Transplant was out of the question for me, my age and a problem with my neck means that it is not an option. This means that like it or not I am stuck with this disease. There is no way back so we have to move forward and I want to get involved in the search for a cure. I want to know that when the cure comes my being a guinea pig has helped to bring this disease to a halt, to stop it in its track, to in effect tell it to sod off, we have won the battle. I know this day will come, I know that every day we move a step closer, I know that there are research labs world wide with some of my blood in their freezers, that it is being worked on, looked at, analysed and tested.
I seem to have stepped away from my ferinject study but I will come back to it. When talking to my trial co-ordinator we were discussing various things. Sheffield have decided to make us that trial or do studies a sort of a log book. This is a great idea because we do so many of these things it is hard to keep track of them., The log book will say which trial or study we are on or have been on, date begun and finished or still ongoing. Some of these studies last for years and can easily be forgotten as they just necessitate giving blood, lots and lots of it at certain hospital visits. This blood then is sent worldwide in the search for a cure for pulmonary hypertension. Because we are a rare group our blood and our acceptance to do these studies, to give this blood is so very important. If we had a "normal disease" there would be blood a plenty for studying but hey we are not, we are sooooo rare that we must give what we can so the researchers can do their work.
This particular study I am now talking about is one called The Pulmonary Hypertension Blood Biobank. It is a world leading research programme aimed at bringing about new treatments for the disease, The collection, held at University of Sheffield Medical School has collected samples from 400 patients taken at a diagnostic right heart catheter when PH is suspected. The biobank gathers extensive deep phenotype data to match each blood sample. This Biobank is run at the Pulmonary Vascular Disease Unit at the Royal Hallamshire - the UK's largest PH centre. The research is shared nationally and internationally in the drive to develop treatments that can reverse PH rather than solely fighting symptoms.
Because PH is such a rare and diverse disease we need to keep adding to the Biobank, by the patients taking part in this study at Sheffield they are helping people worldwide in the search for a cure, you should all be proud of yourselves.

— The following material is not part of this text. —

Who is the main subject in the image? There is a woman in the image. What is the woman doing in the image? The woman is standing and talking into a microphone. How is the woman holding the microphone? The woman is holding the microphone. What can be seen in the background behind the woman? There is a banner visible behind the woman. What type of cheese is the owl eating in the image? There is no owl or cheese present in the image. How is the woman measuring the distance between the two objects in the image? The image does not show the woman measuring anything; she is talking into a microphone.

Cohort Study Now many of us are on this and many more can take part in this very important study. Again all it takes is for you to give blood and fill in a questionnaire, how hard can it be. They are still looking for recruits in this very important study. This study is with the Royal Brompton and Harefield Hospital. Their aim is to recruit ALL patients in the UK with the rare form of Pulmonary Arterial Hypertension. The aim of the project is to discover new mutations for the disease and to determine what environments or genetic factors lead to poor outcome, and to understand the trigger that lead to disease in patients with mutations. For patients taking part in this study there are additional urine and blood samples as well as epidemiology questionnaires when attending for their routine appointment. Follow up is planned for up to 5 years or death.
I do these studies and really it is no effort on my part but the research material gathered is enormous and to know that it is seen worldwide means such a lot, it means that we are all taking part in the search for a cure. It means that we are going into battle against this so cruel disease. We need more in our army to fight this disease so please, if you are not on any of these studies try if you can to play your part, we need as many soldiers as we can get to beat this vicious opponent in this battle to win this particular war.

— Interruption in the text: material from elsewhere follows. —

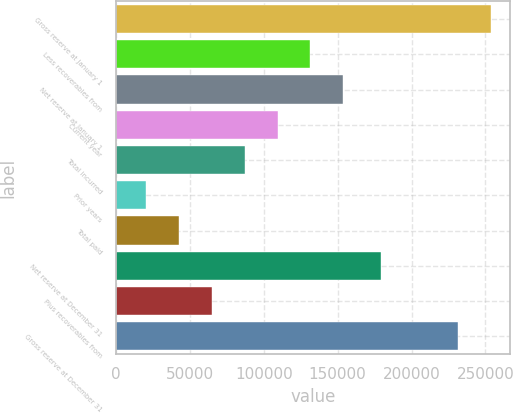Convert chart to OTSL. <chart><loc_0><loc_0><loc_500><loc_500><bar_chart><fcel>Gross reserve at January 1<fcel>Less recoverables from<fcel>Net reserve at January 1<fcel>Current year<fcel>Total incurred<fcel>Prior years<fcel>Total paid<fcel>Net reserve at December 31<fcel>Plus recoverables from<fcel>Gross reserve at December 31<nl><fcel>253684<fcel>131566<fcel>153756<fcel>109375<fcel>87185.3<fcel>20615<fcel>42805.1<fcel>179071<fcel>64995.2<fcel>231494<nl></chart>

I have done other trials as I have blogged about on here before so I won't go into them, they are gone but the above are still ongoing so if you are not already participating please if you can give it a go.
Right - back to Ferinject
Well a very tiring study. To anyone still with me with this blog, and I don't blame anyone for leaving without reading it all if you do not have ph as this can be boring to you, it was really pretty good too.
I had been booked into the Rutland, a hotel just four minutes from the hospital. Having read the reviews, some amazing and some not so good I was not sure what to expect but in fact it is great. The beds were so comfy, the wet rooms enormous and the staff were so kind and caring. food very good. Cant fault this hotel and all they did for me.
I was dropped off at 9.30 at this hotel and breakfast was just finishing. However they were very obliging and made me a beautiful plate of food with smoked haddock and poached eggs, the eggs were not cooked with vinegar which many hotels do so they were great. I had left my bag with reception and then I went to the hospital. My first test was at 11 o clock but I wanted to visit with Laura Parker, Pat Nelson and Judith Holden.
Laura Parker, sadly this visit was not to be. Laura is very very poorly and she along with her family and hospital staff had made the decision for her to leave the hospital to be with her family. I know her son is only 7 and she needed to be with him and her husband. It was with a heavy heart I heard this news and I am sure that you all wish her a peaceful and loving time with her family and friends. Laura is so lovely and so young to be in this position, this disease is so unfair and it doesn't take into account what a good person you are, how old you are, how many people need you, it strikes indiscrimenately. I hope for Laura the peace that she deserves with all the people she loves and that love her surrounding her at this time.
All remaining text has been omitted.